J’écris pas assez et pas assez bien pour oser même penser à espérer vivre de ça (ça n’a jamais été autre chose qu’une blague sur mon futur Goncourt mais en vrai je sais que je n’en vivrai jamais, les vraies auteurices n’en vivent pas, alors moi…).

Donc quand je serai un peu retapée psychologiquement, je vais remettre mon CV en ligne, on va m’appeler pour des postes chiants, loin, pas-si-bien-payés et surtout qui ne comprennent jamais ce que signifie embaucher une personne en situation de handicap. Non, ça ne signifie pas “une marche de plus pour arriver aux 6% de malades chez nous”, ça signifie des aménagements. Mais en général, crois-en mon expérience, ça s’arrête aux 6% dans leur tête.

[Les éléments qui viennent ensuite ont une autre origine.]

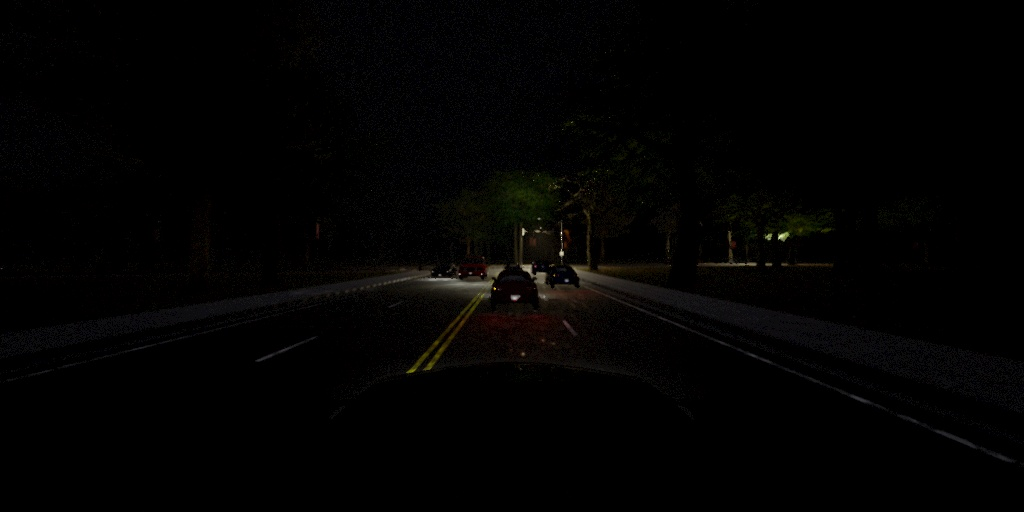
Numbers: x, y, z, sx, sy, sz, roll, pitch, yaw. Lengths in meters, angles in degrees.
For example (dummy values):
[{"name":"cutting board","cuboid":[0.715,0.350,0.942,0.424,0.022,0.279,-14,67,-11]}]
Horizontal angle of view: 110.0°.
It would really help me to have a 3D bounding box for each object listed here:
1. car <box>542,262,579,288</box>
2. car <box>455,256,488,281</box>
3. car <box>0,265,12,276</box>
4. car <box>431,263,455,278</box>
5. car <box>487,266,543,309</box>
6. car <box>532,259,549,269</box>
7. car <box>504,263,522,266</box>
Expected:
[{"name":"car","cuboid":[3.330,1.327,24.223,1.812,1.442,4.674,0,0,0]},{"name":"car","cuboid":[-3.346,1.031,31.730,2.150,2.045,5.566,0,0,0]},{"name":"car","cuboid":[-53.590,1.169,35.636,4.892,1.490,1.837,0,0,-22]},{"name":"car","cuboid":[-6.577,1.362,35.436,2.033,1.411,5.357,0,0,0]},{"name":"car","cuboid":[0.096,1.311,15.150,1.812,1.442,4.674,0,0,0]},{"name":"car","cuboid":[3.337,1.170,40.703,2.097,1.767,4.553,0,0,0]},{"name":"car","cuboid":[0.090,1.378,35.360,1.994,1.385,4.181,0,0,0]}]
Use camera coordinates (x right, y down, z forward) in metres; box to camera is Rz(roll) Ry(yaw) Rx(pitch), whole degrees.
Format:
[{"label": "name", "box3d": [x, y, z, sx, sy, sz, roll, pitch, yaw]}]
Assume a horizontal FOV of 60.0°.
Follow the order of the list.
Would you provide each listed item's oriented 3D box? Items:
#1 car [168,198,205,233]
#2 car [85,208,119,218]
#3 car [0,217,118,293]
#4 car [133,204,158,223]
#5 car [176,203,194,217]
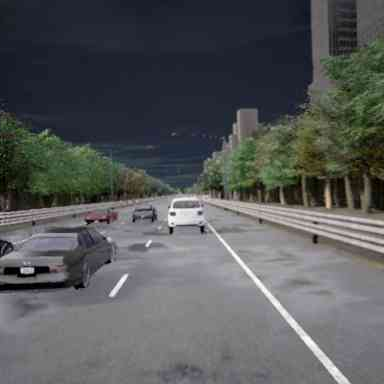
[{"label": "car", "box3d": [-0.378, 1.401, 21.547, 2.150, 2.045, 5.566, -2, 0, -2]}, {"label": "car", "box3d": [-7.539, 2.043, 28.274, 1.895, 1.301, 4.718, -2, 0, -2]}, {"label": "car", "box3d": [-3.546, 1.727, 9.552, 2.033, 1.411, 5.357, -2, 0, -2]}, {"label": "car", "box3d": [-4.074, 1.840, 29.466, 2.128, 1.511, 4.902, -2, 0, -2]}, {"label": "car", "box3d": [-0.802, 1.912, 37.085, 1.895, 1.301, 4.718, -2, 0, -1]}]
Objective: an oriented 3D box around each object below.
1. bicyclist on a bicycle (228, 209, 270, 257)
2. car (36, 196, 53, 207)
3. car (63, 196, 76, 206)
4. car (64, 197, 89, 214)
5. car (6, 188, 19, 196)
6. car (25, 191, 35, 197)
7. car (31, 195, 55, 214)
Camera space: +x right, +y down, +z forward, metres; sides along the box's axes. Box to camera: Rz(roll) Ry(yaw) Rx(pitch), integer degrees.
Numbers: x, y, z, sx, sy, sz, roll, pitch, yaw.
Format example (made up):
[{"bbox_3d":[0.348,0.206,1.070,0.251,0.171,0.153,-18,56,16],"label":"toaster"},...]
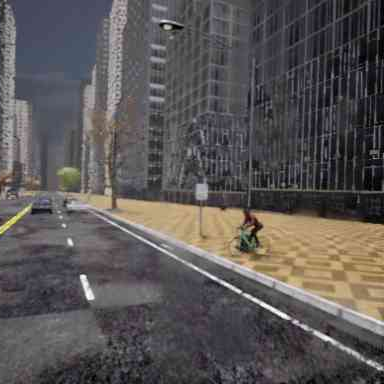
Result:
[{"bbox_3d":[1.968,1.399,11.305,1.656,1.620,0.582,2,0,-23],"label":"bicyclist on a bicycle"},{"bbox_3d":[-19.919,1.268,45.154,1.994,1.385,4.181,2,0,-23],"label":"car"},{"bbox_3d":[-16.511,1.282,45.282,2.128,1.511,4.902,2,0,-22],"label":"car"},{"bbox_3d":[-11.466,1.463,33.278,1.895,1.301,4.718,2,0,-23],"label":"car"},{"bbox_3d":[-37.222,0.220,69.157,2.150,2.045,5.566,2,0,-23],"label":"car"},{"bbox_3d":[-34.248,0.552,70.451,1.882,1.535,5.008,2,0,-23],"label":"car"},{"bbox_3d":[-14.266,1.332,31.809,2.033,1.411,5.357,2,0,-22],"label":"car"}]
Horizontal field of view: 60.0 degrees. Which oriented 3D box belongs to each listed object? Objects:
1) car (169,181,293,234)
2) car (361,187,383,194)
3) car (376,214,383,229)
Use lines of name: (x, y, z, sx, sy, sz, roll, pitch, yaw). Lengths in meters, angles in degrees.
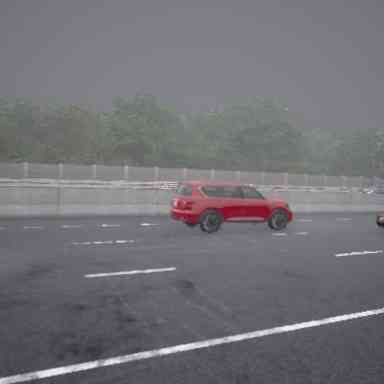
car: (1.761, 0.589, 14.658, 5.566, 2.045, 2.150, 1, 3, -24)
car: (26.796, -0.016, 48.478, 4.553, 1.767, 2.097, 1, 3, -23)
car: (10.536, 1.289, 14.698, 4.718, 1.301, 1.895, 1, 3, -24)
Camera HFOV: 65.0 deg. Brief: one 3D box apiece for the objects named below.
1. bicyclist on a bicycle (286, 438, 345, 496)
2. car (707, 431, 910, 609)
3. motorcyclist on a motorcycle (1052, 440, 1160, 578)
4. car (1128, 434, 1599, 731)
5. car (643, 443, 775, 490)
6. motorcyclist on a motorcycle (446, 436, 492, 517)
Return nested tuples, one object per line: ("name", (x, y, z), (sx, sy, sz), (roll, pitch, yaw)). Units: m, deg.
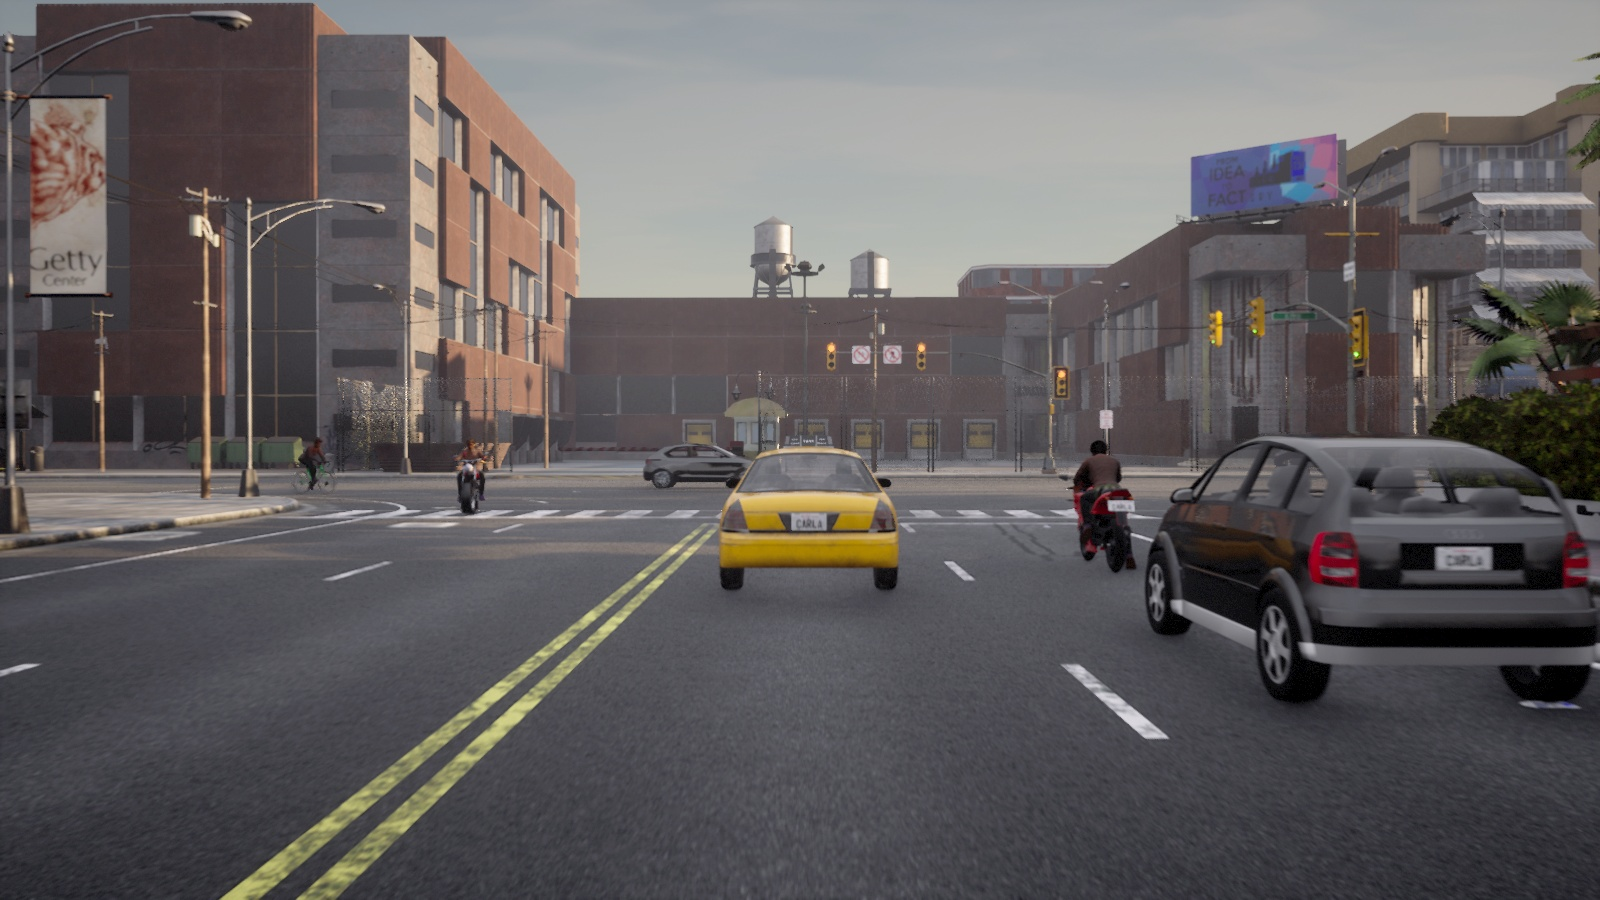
("bicyclist on a bicycle", (-14.058, 0.483, 36.415), (1.656, 1.620, 0.582), (1, 1, 25))
("car", (0.094, 0.608, 13.831), (1.801, 1.575, 5.366), (0, 0, 0))
("motorcyclist on a motorcycle", (3.600, 0.647, 14.952), (0.797, 1.523, 2.044), (0, 0, 0))
("car", (3.560, 0.681, 8.404), (1.789, 1.549, 3.705), (0, 0, 1))
("car", (-2.938, 0.525, 41.238), (4.193, 1.474, 1.816), (0, 0, 1))
("motorcyclist on a motorcycle", (-7.098, 0.539, 27.020), (0.766, 1.649, 2.350), (-1, 1, -11))
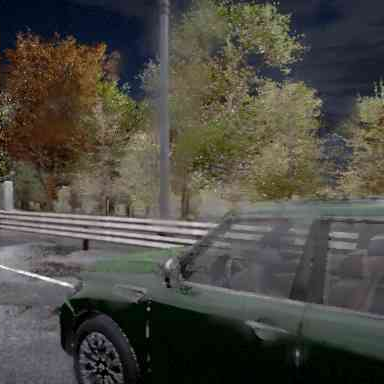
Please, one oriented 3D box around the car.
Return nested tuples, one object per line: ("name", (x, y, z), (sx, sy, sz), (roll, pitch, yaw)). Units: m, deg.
("car", (1.180, 1.042, 2.806), (5.566, 2.045, 2.150), (0, 0, 38))
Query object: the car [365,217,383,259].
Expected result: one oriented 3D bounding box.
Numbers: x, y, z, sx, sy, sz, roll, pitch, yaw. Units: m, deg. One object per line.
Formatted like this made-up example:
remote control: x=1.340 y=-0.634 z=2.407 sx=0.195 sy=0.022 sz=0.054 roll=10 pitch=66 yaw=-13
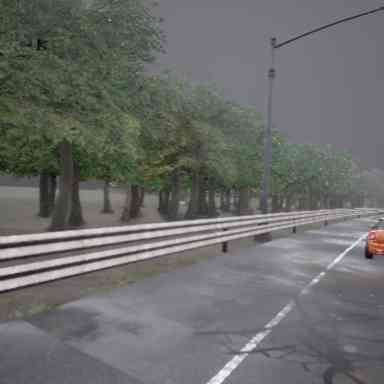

J’ai déjà été virée parce que j’ai demandé un siège plus confortable. Prétextes ont été pris, bien sûr, Un jour, un commercial m’a appelé pour une recherche chiante, je lui ai dit en plaisantant “oh oui tu me déranges ohlàlà je regardais des photos de chats”.
“Tu regardes des sites perso au travail et tu réponds mal aux commerciaux”. Le mec m’avait balancé, même s’il a eu sa réponse, évidemment, et qu’il a ri avec moi.

Insomnie
Dépression
Pleurs
Anxiété
Crise existentielle
Solitude
“Je suis juste fatiguée”

🐡🐡🐡

J’adorerais mettre mes compétences au profit du militantisme. Je l’ai fait régulièrement, je le fais encore quand j’arrive à sortir la tête de mon marasme. Mais ça paye pas. Et j’ai beau aimer bosser pour l’amour du travail bien fait, on a encore 25 ans de crédit sur la gueule.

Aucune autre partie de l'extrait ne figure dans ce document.